# AC PF24 to PF61E Oil Filter Use



## 1971LemansWisc (Apr 18, 2021)

Down to my last AC PF24 DURAGUARD Oil Filter so I took a drive over to O'Reilly Auto Parts.
Been ages since I bought one so was a bit surprised to learn PF61E has superseded PF24.
I read the previous thread on Oil Filters - but does anyone have practical experience using the PF61E on a 50-year-old 350/400 Engine.
It does thread onto my Filter Base and the Sealing Gasket looks to match. 
Thank you!


----------



## LATECH (Jul 18, 2018)

Yep. PF61E on my 389.No problem . clears the frame, engine , exhaust ,etc


----------



## 1971LemansWisc (Apr 18, 2021)

Cool - Thank you!


----------



## BearGFR (Aug 25, 2008)

I use Wix 51258 on mine.

(Fixed the typo)


----------



## O52 (Jan 27, 2019)

x2


----------



## AV68 (Aug 18, 2021)

x3 for Wix


----------



## geeteeohguy (Feb 2, 2008)

X4 for Wix. For decades.


----------



## 1971LemansWisc (Apr 18, 2021)

WoW - Seems like I really need to rethink my, "Keep your GM car all GM" mindset ... 

You are probably not going to want to see my new AC Delco Advantage Gas Shock Absorbers


----------



## O52 (Jan 27, 2019)

Most of Wix filters are made in USA including the 51258. 
The wife's Cadillac Wix was made in Ukraine.
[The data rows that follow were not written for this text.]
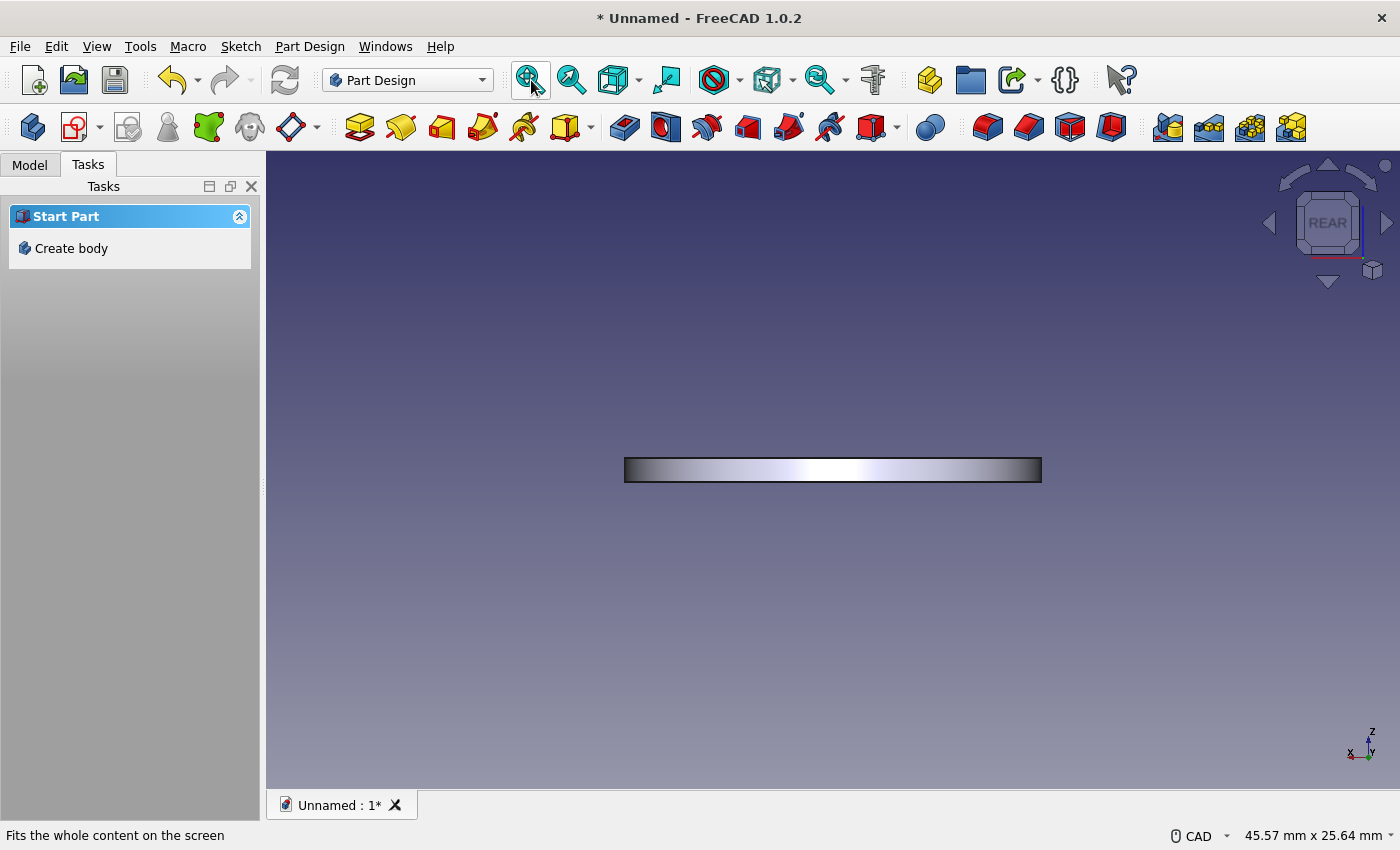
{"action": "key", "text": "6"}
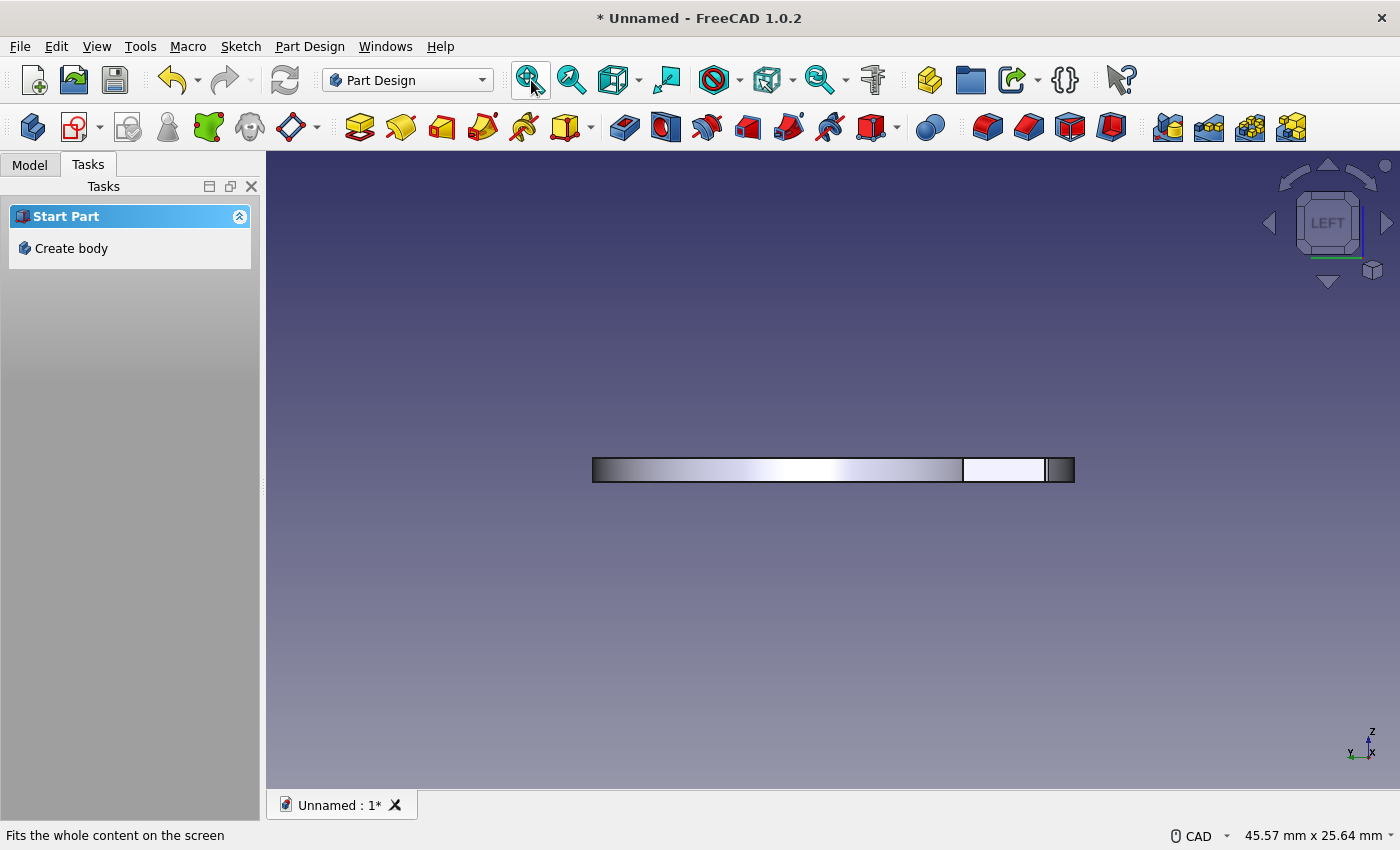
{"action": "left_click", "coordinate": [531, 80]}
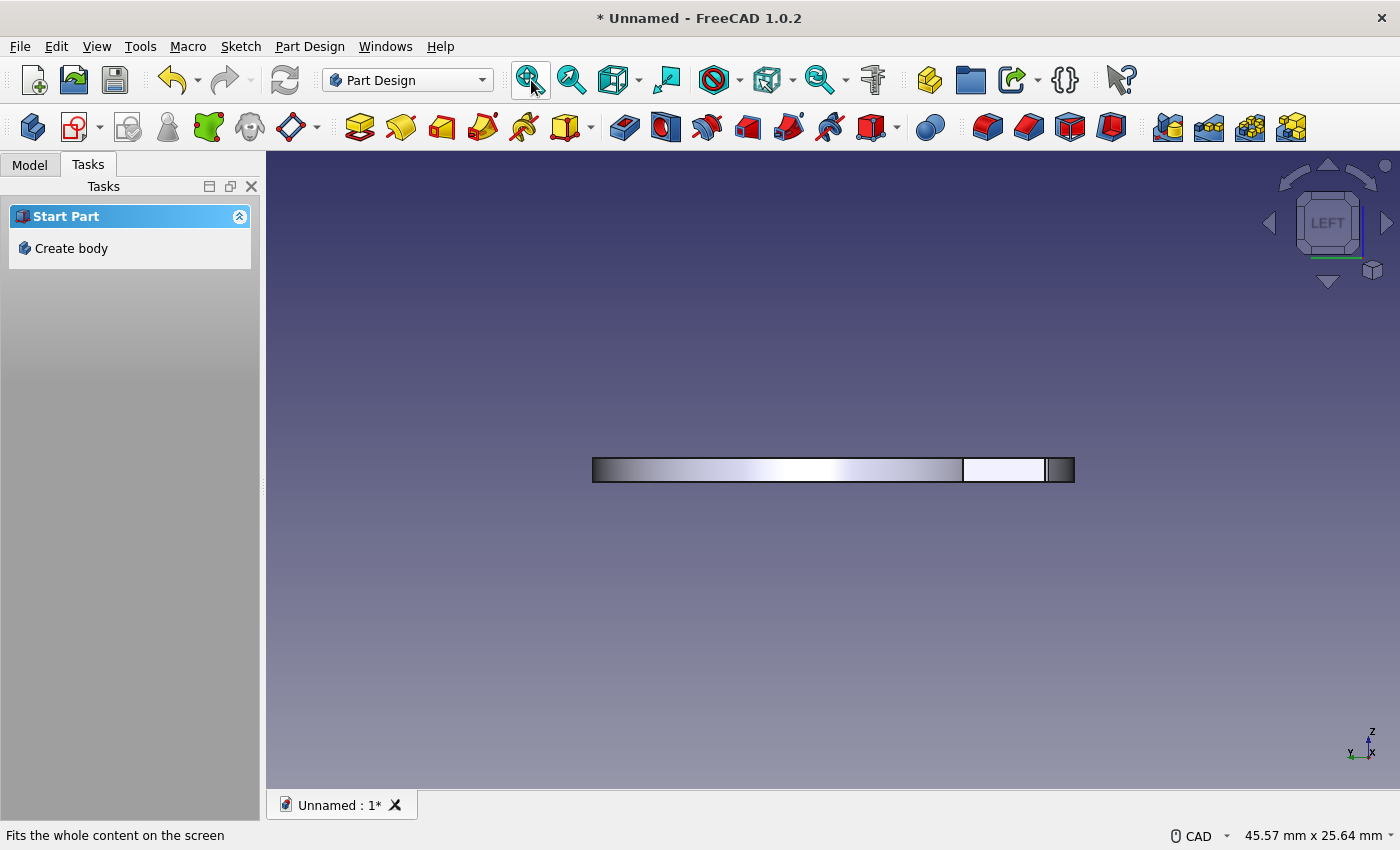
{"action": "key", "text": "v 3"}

Which is all right with me.


----------



## O52 (Jan 27, 2019)

Not to sure about 61e being a direct replacement. Not listed on the cross reference chart I have.





Oil filter cross reference


343 replacement oil filters for AC-Delco PF24. See cross reference chart for AC-Delco PF24 and more than 200.000 other oil filters.



www.oilfilter-crossreference.com


----------



## LATECH (Jul 18, 2018)

Fits perfectly. Also has new technology, better internals, (seals) has a check valve and filter media is better as it traps a finer particulatea. Think about it. With the lighter oil and tighter clearances these days a filter needs a finer media to trap smaller particles.


----------



## Scott06 (May 6, 2020)

Yes I have also run the PF61e no issues on my '65 389. I think that's all they had when I went to parts store...


----------